Why ‘brief’ is one of the most important words in the Advertising World?
If you are familiar to the Advertising world you already noticed that brief is one of the words most used in daily talk. In this post I’ll try to show its importance.
Brief itself should be separated in two distinct ones: the client brief and the creative brief.
The client brief: Whenever a client contacts an agency in order to develop an advertising campaign, a list of attributes should be given by the client to the agency. Without this list, the agency would never be able to build up a successful campaign if they don’t know what’s the main objective of the campaign for example.
The essentials that a client should provide to an advertising agency that constitute the client brief are:
- Where are we now?
- Where do we want to be after this?
- What are we doing right now to get there?

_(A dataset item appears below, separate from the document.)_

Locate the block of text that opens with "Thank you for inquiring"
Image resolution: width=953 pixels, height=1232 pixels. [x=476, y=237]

- What’s our target group? Who do we need to talk to?
- How come we will know that the accomplish the objective?
This pretty much is what needed to be presented by a client to an agency in order to guarantee that the agency has enough input to create a successful campaign. (Other issues are related with market search and the campaign planning style are also of extreme importance, however I won’t tackle them in this post).
The creative brief: After the client brief has been received by the agency, now the account management and account planning teams are responsible to transform a client brief into the creative brief, which will need, obviously, to be approved by the client itself.

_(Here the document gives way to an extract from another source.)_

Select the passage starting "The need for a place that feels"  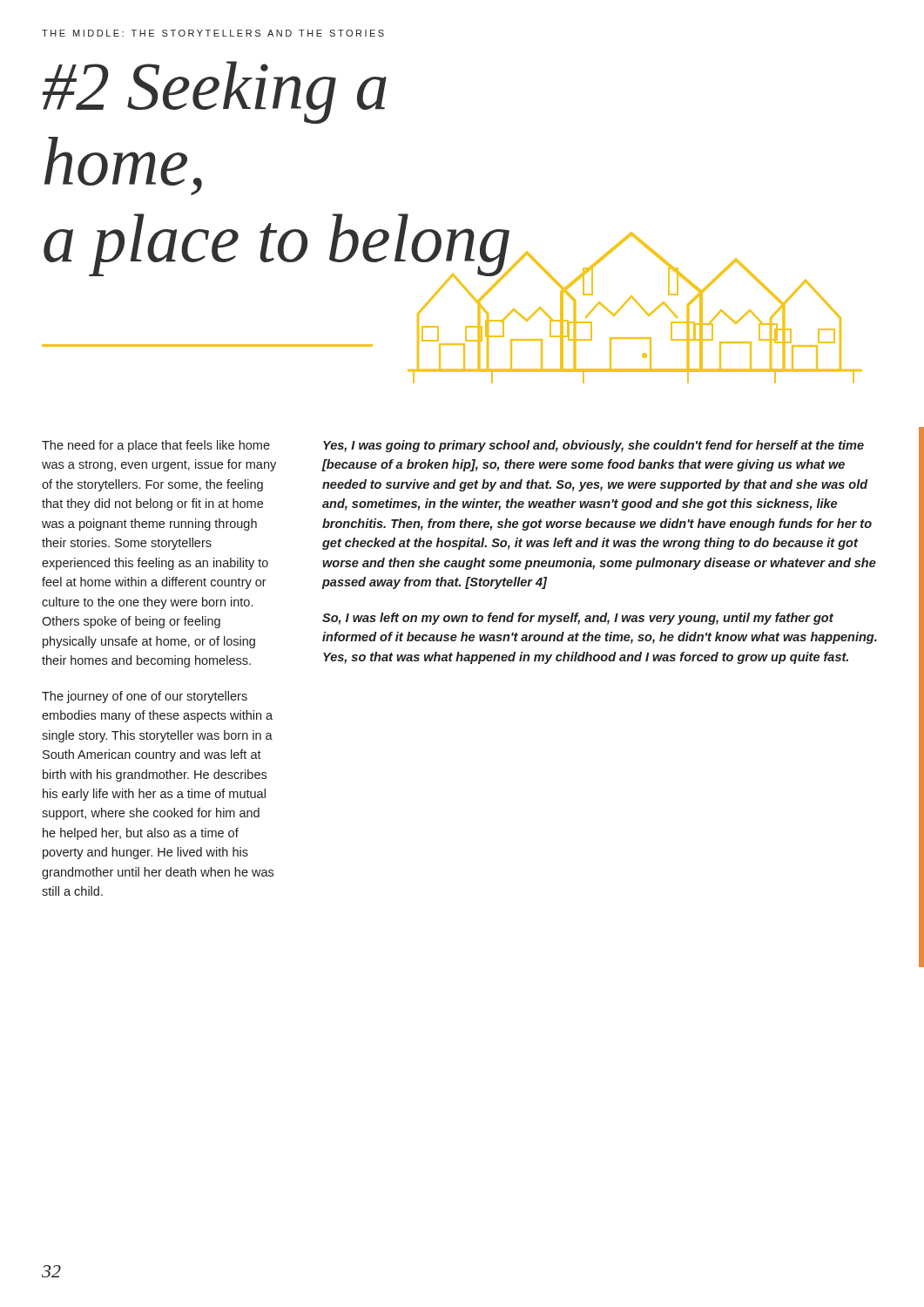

We can say that a good creative brief is the one that stimulates creativity and enhances original ideas by the creatives. There should be enough space for imagination occur, the creative brief shouldn’t be too restrictive that will be just possible to work in one direction. We should remember that at this point creatives will come to some idea of how the deliverables will be, which will serve as input to the production team, so we should always keep in mind that in the first steps of the creative process to leave it as open as possible, and not act in a ego-related fashion.